The art and science of backlog prioritization

A key responsibility of Product Owners is ensuring that the order of work items in a backlog best achieves the goals and vision for the product. Unlike project portfolios where selection or prioritization decisions are often made by a governance committee, with a product backlog the responsibility for the business success or failure of the product rests on the Product Owner’s shoulders.

This activity is both science and art.

Multiple competing factors need to be considered and balanced including:

  • Business value
  • Alignment with the original vision
  • Dependencies
  • Constraints
  • Risk reduction

Evaluating cost of delay or Weighted Shortest Job First can inject consistency and objectivity into activity but also takes learning and effort. If used, such scoring approaches should be used to guide decision making rather than replace it.

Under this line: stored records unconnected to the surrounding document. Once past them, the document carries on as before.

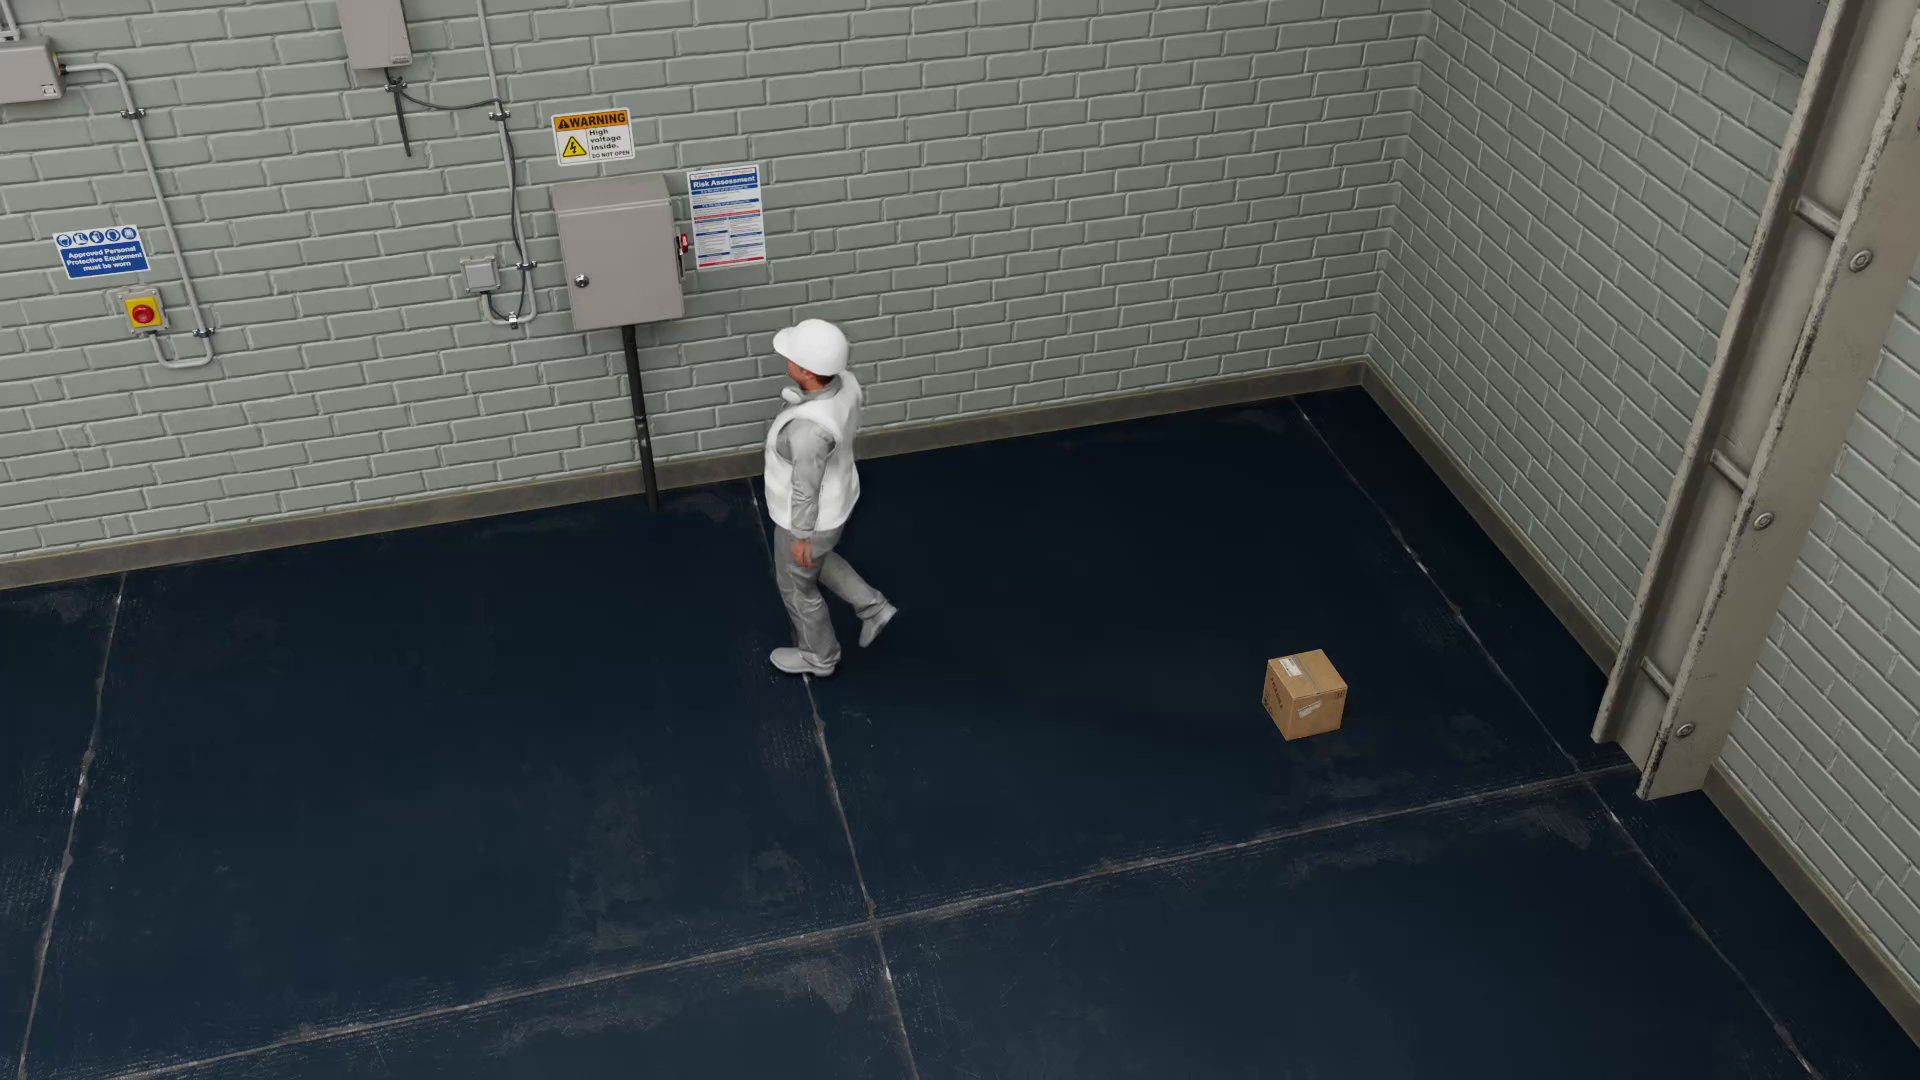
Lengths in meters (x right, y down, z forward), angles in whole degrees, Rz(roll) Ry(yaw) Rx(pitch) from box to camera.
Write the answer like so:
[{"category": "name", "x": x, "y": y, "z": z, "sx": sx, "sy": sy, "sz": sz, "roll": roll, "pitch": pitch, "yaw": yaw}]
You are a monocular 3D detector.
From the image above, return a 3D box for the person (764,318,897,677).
[{"category": "person", "x": -0.566, "y": -0.146, "z": 6.850, "sx": 0.543, "sy": 1.756, "sz": 0.529, "roll": 9, "pitch": 39, "yaw": 12}]

The Product Owner needs to collaborate well with key stakeholders to ensure that releases won’t just satisfy his or her needs. This collaboration requires willingness on the part of the Product Owner to push back the release of certain “hot” features if that will result in a better product overall.

When working with a new team, the Product Owner needs to actively listen during backlog refinement discussions with team members as some of them might lack the courage to openly challenge a short-sighted decision. One way to help overcome such growing pains is to actively ask the team as work items are being ranked whether they see any flaws with the order or whether they are aware of any work item which might need to be tackled sooner. Prioritization might be a good item to consider during retrospectives to ensure that the process is regularly inspected and adapted.

The Product Owner will naturally want to maximize business value realization while solution owners will want to tackle solution uncertainties or address scalability or flexibility early on. Healthy prioritization should feel like a tug-of-war between the representatives for each influencing factor.

A good Product Owner should be ego-less about the prioritization activity as their goal is not to demonstrate omniscience about the sequencing of the product’s development but rather to release the best product possible.